Hair Transplant Forum Int’l. 1997; 7 (6): 14.

Summary

Letters to the editor

When any hair transplant surgery is performed, the grafts are removed from their original blood source so that they must survive, for a time, outside the body. The “shock” caused by this interruption of blood supply is probably the major cause of the post hair transplant effluvium (shedding) of the newly transplanted grafts and probably also contributes to delayed growth after the hair transplant – when it occurs. This insult is further exacerbated by the time it takes for the microvasculature to reconnect and nourish the grafts in the days following the surgical hair restoration.

It has been postulated that “the most important causative factor for delayed growth [is] insufficient blood supply.” This assumption, however, has not been proven. It has also been stated that “If hair transplantation is done in a technically competent manner, and blood supply adequate, hair will grow in a timely manner. If, on the other hand, the available blood supply is overwhelmed by huge numbers of grafts, delayed or no growth is to be expected.”

The problem with this statement is that it is too vague. Will a hundred of the standard 3-mm plugs placed in “a competent manner” have enough blood supply to insure maximum growth? And would one recognize delayed growth in a plug if it occurred? Will the placement of 2,500, 1-4 hair follicular units into 18-gauge needle sites, over an area of 200 square cm (which is 12.5% of the original density) outstrip the blood supply and, therefore, represent incompetence? Surgical hair restoration doctors routinely transplant densities of 25-30 grafts/cm2 in 1000 graft sessions. Is this reasonable to do?

We all know that blood supply is critical to graft survival. But the questions still unanswered are what parameters are needed in the hair transplant surgery to insure that this supply is adequate. Does the much smaller wounding provided by micrografting and follicular unit hair transplantation permit much greater numbers of grafts to be safely moved per session? And what is the limit? Although we all have our clinical opinions about this issue, the answer is still not clear. And neither are the actual contributions of variable growth cycles, severing dermal papillae, mechanical trauma, desiccation, or any of the other factors involved in the surgical hair restoration process that we had mentioned. Further research is needed in all of these areas.
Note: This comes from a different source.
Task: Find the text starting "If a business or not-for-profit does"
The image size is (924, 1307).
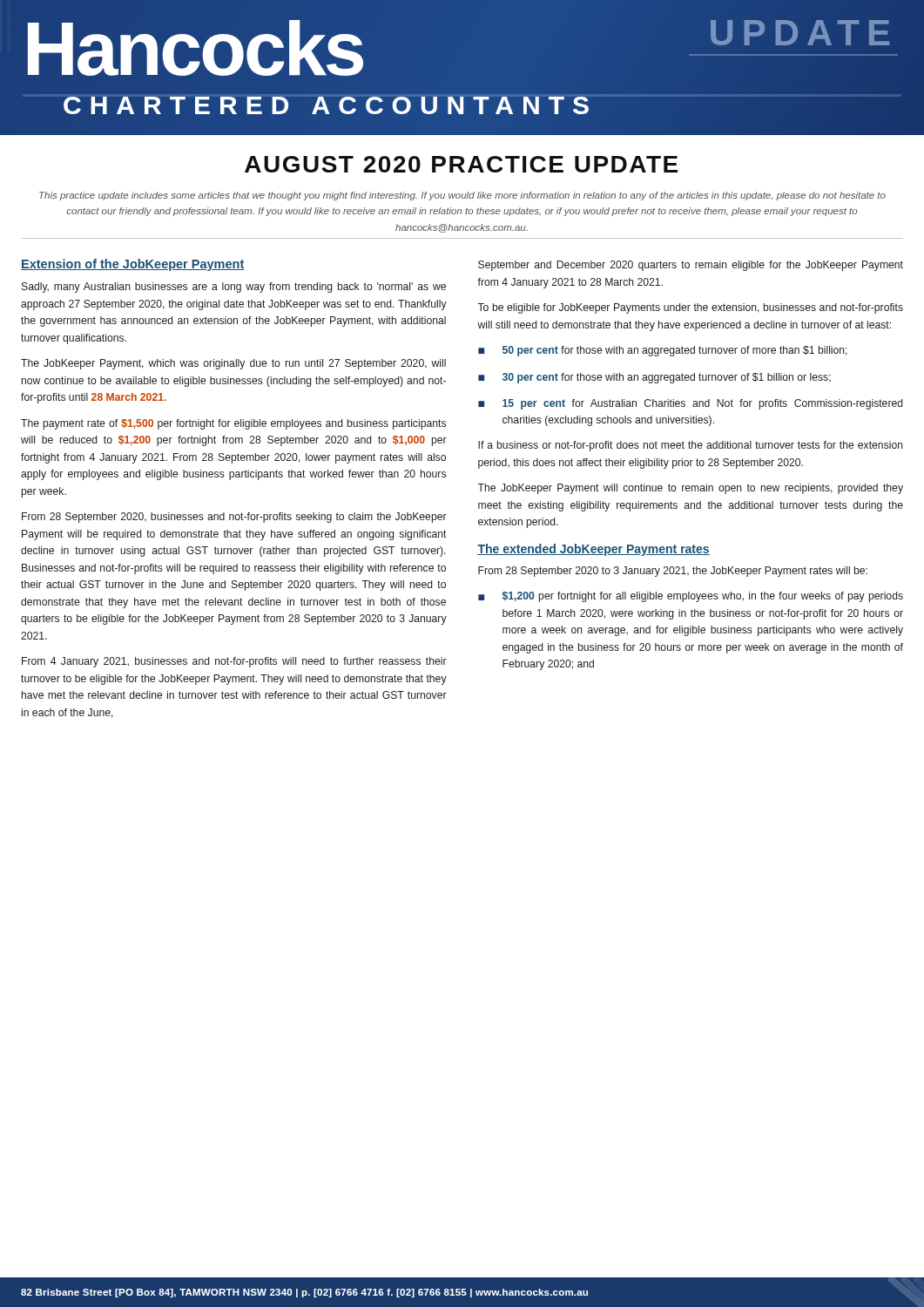Action: point(690,454)
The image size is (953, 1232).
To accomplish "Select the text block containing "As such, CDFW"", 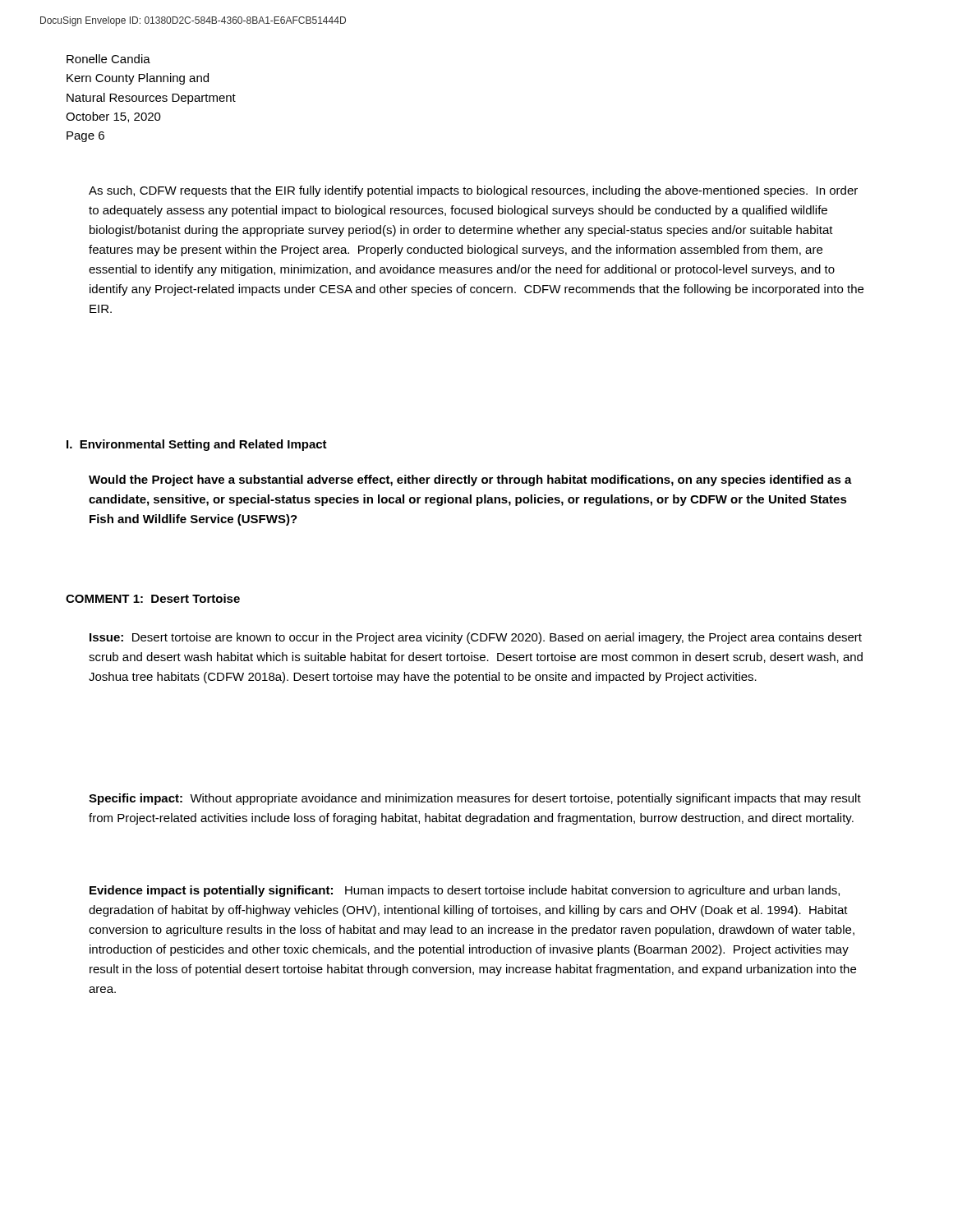I will click(476, 249).

We closed our hair transplant growth article with: “Our guess is that delayed growth has always been part of the process, representing a normal physiologic shift in the growth cycle on one hand, and a reaction to sub lethal injury on the other, with the very small grafts making both of these changes more obvious. What percentage each represents and how much of “delayed growth” will turn out to be no growth at all still needs to be determined. But before we panic about perceived no growth and before we set our patients up for unrealistic expectations about how soon their growth may occur, we should work to have a better understanding of all the biologic factors that impact our surgery.”